### Exercise aim
In the entries below, find every line holding the string "layers" and collect it.

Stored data
◇ ◇ ◇ ◇

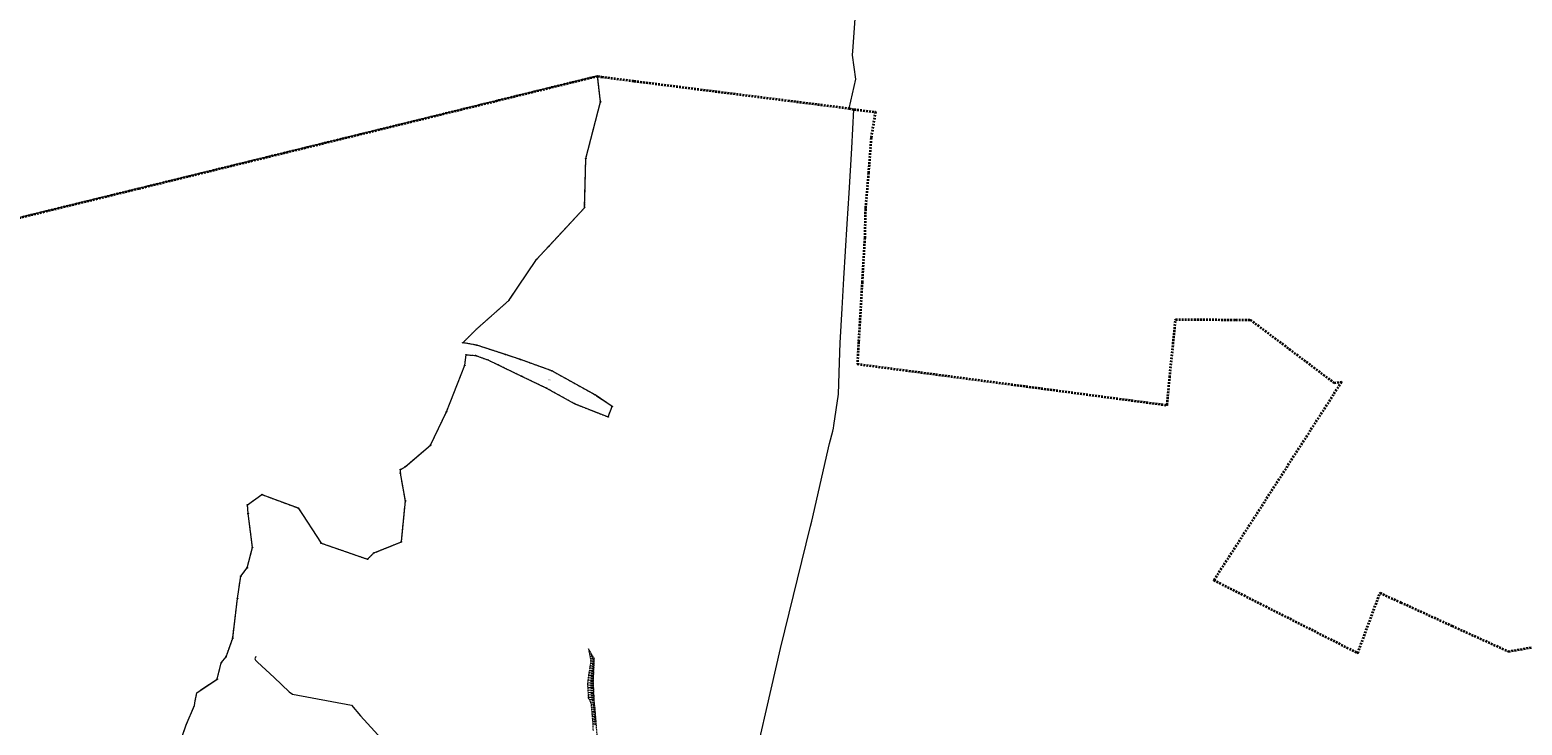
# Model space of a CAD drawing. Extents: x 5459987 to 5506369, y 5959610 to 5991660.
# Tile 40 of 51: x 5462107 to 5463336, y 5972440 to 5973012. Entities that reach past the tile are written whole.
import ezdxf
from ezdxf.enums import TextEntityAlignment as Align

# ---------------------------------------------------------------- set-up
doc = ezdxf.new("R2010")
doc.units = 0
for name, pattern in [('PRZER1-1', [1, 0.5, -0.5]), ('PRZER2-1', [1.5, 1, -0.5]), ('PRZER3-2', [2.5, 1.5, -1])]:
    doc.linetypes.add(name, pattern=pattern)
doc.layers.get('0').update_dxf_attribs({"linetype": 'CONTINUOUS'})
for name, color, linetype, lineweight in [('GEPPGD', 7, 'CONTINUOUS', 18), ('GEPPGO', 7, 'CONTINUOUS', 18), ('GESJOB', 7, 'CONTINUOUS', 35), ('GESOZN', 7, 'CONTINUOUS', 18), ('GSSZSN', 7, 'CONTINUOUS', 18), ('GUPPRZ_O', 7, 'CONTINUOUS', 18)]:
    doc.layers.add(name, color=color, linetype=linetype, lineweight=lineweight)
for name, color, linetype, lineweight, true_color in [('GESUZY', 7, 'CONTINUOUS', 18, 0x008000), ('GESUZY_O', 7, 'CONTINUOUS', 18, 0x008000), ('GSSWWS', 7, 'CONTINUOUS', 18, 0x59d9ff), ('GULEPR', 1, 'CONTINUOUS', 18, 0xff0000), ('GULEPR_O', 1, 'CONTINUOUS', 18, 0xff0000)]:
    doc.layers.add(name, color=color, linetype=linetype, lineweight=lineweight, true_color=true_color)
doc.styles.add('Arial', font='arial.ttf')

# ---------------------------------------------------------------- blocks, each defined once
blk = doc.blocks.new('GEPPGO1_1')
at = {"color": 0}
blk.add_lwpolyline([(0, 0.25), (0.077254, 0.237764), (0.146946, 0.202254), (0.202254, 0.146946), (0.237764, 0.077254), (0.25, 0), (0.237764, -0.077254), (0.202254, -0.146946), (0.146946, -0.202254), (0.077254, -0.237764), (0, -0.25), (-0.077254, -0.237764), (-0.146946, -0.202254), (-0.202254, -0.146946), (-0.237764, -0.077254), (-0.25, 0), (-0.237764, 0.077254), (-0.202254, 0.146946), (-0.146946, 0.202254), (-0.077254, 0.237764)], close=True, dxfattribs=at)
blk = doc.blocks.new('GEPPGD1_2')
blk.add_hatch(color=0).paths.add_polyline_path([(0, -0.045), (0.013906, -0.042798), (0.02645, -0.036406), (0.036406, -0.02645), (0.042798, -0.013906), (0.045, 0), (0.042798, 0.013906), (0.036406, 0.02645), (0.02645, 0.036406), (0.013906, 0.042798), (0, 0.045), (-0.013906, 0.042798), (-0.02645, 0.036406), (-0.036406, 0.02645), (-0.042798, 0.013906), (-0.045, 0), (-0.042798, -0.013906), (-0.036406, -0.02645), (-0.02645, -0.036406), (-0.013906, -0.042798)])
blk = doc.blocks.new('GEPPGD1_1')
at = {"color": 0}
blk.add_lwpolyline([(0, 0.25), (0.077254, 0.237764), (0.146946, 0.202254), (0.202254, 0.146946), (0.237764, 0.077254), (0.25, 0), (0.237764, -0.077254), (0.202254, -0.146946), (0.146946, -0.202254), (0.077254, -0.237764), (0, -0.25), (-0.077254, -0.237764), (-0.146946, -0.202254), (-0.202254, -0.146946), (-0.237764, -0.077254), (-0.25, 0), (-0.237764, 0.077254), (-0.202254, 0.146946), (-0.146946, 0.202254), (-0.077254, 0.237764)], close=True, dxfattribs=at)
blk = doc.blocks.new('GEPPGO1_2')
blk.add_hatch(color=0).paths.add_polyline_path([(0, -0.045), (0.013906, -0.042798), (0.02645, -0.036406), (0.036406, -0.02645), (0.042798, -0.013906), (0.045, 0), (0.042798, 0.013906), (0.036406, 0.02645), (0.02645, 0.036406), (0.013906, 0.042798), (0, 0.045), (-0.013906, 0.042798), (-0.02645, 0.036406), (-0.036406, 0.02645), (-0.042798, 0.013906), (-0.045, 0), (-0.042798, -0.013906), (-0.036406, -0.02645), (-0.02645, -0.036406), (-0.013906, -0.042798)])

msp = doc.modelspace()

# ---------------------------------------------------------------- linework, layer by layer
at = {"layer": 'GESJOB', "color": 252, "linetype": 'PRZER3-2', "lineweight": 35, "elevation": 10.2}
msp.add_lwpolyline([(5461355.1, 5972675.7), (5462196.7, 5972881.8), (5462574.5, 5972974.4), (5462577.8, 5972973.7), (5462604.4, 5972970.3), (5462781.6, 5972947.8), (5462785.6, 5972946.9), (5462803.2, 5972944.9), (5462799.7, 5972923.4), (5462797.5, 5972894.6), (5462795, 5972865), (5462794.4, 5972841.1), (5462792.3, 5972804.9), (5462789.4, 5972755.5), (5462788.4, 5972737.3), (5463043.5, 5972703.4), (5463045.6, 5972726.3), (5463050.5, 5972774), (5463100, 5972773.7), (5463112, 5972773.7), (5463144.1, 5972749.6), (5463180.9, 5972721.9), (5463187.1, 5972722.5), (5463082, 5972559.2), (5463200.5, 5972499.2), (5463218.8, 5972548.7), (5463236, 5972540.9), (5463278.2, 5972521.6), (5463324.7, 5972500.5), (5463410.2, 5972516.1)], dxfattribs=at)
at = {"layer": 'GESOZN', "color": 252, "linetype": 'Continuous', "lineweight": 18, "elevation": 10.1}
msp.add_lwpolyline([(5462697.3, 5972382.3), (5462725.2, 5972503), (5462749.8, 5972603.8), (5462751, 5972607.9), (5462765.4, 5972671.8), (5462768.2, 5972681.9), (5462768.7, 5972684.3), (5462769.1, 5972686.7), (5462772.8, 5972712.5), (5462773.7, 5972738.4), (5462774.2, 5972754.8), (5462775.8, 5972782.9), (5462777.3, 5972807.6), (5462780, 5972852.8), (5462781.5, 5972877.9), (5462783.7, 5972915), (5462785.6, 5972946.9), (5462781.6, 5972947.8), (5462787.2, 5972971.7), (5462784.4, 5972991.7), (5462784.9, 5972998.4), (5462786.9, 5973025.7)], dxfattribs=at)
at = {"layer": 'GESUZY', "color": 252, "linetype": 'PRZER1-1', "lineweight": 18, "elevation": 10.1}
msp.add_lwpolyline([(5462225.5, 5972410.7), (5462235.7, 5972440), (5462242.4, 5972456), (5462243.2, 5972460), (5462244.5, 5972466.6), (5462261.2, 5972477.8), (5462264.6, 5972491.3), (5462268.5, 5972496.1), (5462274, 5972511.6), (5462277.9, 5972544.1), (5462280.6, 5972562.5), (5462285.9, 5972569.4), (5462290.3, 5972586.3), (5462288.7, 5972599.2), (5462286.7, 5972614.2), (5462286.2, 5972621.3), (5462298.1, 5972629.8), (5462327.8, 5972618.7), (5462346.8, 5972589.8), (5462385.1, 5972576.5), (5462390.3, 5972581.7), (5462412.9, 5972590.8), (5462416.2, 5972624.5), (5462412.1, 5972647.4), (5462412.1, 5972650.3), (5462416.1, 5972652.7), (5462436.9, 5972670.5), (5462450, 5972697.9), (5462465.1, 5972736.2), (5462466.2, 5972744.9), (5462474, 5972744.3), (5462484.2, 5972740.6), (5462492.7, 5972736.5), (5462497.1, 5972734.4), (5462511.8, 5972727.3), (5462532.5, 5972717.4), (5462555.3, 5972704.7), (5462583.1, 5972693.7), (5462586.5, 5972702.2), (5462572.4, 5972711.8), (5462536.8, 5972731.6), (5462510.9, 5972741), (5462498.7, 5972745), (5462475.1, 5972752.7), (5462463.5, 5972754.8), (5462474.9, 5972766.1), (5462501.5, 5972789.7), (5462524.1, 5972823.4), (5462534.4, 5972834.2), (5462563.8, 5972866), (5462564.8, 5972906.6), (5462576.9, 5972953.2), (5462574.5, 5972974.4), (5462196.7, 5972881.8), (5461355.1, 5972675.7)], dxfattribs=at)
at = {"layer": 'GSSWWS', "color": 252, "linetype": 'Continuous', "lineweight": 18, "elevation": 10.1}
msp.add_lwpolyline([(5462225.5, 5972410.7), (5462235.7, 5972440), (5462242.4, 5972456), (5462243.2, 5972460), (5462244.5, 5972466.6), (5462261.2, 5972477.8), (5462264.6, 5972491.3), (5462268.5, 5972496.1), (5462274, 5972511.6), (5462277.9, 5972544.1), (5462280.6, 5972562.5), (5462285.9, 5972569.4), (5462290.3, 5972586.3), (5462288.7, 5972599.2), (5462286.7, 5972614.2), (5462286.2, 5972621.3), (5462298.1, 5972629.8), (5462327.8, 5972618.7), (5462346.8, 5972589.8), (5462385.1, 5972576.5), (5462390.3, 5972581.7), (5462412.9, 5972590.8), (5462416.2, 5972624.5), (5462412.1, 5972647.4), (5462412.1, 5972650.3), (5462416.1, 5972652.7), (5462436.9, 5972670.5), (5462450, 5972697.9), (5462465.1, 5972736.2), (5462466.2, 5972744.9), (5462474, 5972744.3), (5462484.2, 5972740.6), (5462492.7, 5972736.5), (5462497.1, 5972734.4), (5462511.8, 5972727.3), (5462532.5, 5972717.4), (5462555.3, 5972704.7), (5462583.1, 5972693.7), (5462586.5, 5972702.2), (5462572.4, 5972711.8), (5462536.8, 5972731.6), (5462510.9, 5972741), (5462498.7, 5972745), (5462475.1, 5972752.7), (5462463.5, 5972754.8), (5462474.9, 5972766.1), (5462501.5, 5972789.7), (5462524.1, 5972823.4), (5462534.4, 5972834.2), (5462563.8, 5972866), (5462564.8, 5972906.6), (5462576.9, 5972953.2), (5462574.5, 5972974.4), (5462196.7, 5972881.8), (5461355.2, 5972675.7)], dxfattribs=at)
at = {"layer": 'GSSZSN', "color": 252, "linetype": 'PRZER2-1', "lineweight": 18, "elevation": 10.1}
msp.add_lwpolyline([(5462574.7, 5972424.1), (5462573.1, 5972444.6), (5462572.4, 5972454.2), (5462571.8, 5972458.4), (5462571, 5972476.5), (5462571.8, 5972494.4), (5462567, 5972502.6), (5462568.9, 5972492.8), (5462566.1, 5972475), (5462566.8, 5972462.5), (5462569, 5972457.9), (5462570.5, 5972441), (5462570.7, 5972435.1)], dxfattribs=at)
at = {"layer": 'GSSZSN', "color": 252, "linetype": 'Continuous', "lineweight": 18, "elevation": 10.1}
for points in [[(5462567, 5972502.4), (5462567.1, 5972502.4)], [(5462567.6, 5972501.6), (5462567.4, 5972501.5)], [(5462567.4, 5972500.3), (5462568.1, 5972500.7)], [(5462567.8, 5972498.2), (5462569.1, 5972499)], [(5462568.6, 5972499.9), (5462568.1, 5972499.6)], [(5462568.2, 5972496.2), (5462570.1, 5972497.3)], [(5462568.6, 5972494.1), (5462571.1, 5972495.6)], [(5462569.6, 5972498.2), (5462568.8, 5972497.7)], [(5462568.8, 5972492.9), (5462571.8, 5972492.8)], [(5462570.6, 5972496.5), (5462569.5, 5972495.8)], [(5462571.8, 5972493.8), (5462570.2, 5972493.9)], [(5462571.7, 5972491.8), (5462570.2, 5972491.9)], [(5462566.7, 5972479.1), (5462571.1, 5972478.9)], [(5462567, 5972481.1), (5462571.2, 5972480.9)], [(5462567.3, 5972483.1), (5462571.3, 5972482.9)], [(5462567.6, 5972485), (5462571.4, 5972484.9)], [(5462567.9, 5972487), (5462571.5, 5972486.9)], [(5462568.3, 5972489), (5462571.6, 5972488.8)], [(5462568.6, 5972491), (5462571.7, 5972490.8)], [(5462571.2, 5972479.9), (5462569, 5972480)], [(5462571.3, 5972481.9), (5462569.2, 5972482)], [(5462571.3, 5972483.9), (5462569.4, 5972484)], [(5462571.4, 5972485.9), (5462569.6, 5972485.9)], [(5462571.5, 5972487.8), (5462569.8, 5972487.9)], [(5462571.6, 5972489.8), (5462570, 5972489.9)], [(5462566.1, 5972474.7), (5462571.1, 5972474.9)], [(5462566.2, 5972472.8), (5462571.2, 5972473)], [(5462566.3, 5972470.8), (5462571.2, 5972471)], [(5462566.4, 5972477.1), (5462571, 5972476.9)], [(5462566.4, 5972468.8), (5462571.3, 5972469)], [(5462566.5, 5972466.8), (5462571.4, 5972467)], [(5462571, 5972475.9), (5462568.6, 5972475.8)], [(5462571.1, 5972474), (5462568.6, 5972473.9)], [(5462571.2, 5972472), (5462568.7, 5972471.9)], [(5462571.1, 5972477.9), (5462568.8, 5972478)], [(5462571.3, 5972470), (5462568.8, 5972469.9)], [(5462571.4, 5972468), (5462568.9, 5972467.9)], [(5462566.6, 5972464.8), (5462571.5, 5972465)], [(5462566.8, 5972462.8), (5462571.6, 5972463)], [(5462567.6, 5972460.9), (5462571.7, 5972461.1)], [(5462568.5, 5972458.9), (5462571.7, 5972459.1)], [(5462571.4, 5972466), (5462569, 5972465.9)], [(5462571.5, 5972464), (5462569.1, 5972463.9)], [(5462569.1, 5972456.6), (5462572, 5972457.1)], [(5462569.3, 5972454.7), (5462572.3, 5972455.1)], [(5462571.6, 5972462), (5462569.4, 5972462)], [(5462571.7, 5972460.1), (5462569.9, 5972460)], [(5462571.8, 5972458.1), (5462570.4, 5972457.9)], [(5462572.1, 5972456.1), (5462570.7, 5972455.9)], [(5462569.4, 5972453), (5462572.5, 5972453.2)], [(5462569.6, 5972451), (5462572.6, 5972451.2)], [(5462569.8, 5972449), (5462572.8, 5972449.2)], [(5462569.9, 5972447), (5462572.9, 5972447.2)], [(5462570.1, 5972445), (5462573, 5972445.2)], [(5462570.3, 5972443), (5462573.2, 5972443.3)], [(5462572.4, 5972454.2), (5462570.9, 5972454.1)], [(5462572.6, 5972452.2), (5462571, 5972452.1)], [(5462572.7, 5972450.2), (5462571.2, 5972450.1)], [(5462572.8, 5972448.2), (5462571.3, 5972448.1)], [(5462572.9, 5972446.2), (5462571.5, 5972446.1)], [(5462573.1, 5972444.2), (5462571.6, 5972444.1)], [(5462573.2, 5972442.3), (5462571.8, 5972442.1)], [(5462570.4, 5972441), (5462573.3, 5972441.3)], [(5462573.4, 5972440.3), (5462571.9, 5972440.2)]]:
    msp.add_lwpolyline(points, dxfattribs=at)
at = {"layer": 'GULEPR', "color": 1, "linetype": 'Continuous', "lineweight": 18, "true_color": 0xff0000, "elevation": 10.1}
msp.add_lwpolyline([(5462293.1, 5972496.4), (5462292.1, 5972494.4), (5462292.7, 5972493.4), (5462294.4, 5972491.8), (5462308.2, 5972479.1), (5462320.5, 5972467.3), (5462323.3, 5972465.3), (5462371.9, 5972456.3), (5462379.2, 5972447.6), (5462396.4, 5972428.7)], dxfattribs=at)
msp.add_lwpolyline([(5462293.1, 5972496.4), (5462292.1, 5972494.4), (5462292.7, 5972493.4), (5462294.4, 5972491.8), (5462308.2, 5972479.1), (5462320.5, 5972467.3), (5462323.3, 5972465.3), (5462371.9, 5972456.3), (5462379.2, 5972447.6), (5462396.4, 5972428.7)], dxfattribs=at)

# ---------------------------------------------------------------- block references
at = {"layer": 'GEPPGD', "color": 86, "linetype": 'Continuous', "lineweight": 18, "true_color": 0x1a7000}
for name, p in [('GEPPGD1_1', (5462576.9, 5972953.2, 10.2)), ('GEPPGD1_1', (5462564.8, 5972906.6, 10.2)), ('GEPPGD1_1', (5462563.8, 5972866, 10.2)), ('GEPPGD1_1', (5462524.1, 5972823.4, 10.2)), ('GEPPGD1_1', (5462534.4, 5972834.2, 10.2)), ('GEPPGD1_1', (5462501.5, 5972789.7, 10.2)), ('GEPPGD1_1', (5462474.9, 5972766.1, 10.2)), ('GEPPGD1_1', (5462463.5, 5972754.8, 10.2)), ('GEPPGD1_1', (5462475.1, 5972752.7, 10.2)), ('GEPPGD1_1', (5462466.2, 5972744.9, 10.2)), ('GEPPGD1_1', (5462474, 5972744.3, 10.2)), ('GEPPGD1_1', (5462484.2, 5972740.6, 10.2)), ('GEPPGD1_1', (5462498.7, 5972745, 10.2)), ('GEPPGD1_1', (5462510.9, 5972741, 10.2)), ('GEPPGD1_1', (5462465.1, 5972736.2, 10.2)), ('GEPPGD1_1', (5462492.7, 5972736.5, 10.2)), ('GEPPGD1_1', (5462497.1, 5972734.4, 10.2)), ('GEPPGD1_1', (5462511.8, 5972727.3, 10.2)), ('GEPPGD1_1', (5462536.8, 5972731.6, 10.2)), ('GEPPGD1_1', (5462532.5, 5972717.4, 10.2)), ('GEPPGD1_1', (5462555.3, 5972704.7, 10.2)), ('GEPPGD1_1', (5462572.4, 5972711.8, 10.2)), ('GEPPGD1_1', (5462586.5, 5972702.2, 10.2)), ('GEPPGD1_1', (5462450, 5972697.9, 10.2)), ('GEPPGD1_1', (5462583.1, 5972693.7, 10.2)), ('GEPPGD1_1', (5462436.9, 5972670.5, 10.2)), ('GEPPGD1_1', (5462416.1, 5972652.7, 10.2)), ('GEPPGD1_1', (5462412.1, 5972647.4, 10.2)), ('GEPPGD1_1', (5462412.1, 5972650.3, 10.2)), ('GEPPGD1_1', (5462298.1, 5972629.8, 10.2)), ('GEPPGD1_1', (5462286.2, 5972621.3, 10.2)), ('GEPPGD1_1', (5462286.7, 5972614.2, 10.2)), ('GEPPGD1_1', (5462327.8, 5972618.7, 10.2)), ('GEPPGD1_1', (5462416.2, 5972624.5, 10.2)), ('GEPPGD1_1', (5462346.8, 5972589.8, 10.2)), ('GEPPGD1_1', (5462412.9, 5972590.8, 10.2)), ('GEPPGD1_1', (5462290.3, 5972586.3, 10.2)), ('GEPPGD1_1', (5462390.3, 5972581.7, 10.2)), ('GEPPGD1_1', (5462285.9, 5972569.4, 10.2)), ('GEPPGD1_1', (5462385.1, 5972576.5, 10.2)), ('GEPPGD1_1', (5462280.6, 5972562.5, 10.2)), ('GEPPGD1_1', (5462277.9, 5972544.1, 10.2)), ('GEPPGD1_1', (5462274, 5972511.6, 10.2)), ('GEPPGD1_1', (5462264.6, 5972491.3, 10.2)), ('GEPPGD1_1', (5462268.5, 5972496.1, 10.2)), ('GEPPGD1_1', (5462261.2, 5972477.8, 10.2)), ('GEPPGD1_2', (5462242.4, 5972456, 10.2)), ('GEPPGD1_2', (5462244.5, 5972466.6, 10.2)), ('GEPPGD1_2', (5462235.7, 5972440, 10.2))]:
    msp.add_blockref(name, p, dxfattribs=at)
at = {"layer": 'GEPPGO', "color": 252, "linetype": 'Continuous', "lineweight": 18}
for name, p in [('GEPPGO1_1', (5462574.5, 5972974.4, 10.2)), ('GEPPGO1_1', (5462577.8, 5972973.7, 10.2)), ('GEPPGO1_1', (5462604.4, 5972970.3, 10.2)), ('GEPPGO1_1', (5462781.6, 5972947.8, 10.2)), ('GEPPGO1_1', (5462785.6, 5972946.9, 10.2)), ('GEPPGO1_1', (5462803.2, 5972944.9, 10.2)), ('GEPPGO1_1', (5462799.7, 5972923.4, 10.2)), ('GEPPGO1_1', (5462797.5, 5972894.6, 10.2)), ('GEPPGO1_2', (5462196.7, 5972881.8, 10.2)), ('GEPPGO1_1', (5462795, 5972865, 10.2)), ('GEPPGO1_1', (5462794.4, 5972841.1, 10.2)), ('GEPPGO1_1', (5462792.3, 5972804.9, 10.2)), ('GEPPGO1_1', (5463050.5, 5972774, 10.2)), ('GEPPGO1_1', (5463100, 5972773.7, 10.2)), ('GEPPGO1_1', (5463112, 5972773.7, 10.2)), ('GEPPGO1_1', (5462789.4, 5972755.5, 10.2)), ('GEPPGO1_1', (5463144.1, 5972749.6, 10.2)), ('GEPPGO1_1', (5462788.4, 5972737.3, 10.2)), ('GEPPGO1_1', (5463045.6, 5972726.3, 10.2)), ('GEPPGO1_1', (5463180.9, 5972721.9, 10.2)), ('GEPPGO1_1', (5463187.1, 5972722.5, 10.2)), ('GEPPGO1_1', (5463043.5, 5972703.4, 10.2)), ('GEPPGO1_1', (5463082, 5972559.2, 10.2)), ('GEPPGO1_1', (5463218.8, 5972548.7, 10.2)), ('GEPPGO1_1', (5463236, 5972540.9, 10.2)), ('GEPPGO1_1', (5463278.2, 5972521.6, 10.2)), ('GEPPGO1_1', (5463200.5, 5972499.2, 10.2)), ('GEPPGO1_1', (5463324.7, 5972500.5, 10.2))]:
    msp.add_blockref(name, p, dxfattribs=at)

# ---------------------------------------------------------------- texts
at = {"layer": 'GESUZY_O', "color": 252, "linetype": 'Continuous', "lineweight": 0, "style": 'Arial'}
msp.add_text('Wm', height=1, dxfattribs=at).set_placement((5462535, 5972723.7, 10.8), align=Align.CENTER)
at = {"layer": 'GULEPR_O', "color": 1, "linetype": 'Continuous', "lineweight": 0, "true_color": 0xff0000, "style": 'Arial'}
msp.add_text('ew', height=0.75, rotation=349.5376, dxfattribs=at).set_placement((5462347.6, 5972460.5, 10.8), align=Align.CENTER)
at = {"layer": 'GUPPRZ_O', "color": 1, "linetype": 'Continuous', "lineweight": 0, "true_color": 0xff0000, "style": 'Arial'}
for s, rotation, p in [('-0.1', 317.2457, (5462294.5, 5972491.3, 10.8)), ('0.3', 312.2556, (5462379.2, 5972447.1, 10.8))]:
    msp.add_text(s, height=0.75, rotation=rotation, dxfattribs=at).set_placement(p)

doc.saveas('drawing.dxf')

◇ ◇ ◇ ◇

### Response to the exercise
doc.layers.get('0').update_dxf_attribs({"linetype": 'CONTINUOUS'})
    doc.layers.add(name, color=color, linetype=linetype, lineweight=lineweight)
    doc.layers.add(name, color=color, linetype=linetype, lineweight=lineweight, true_color=true_color)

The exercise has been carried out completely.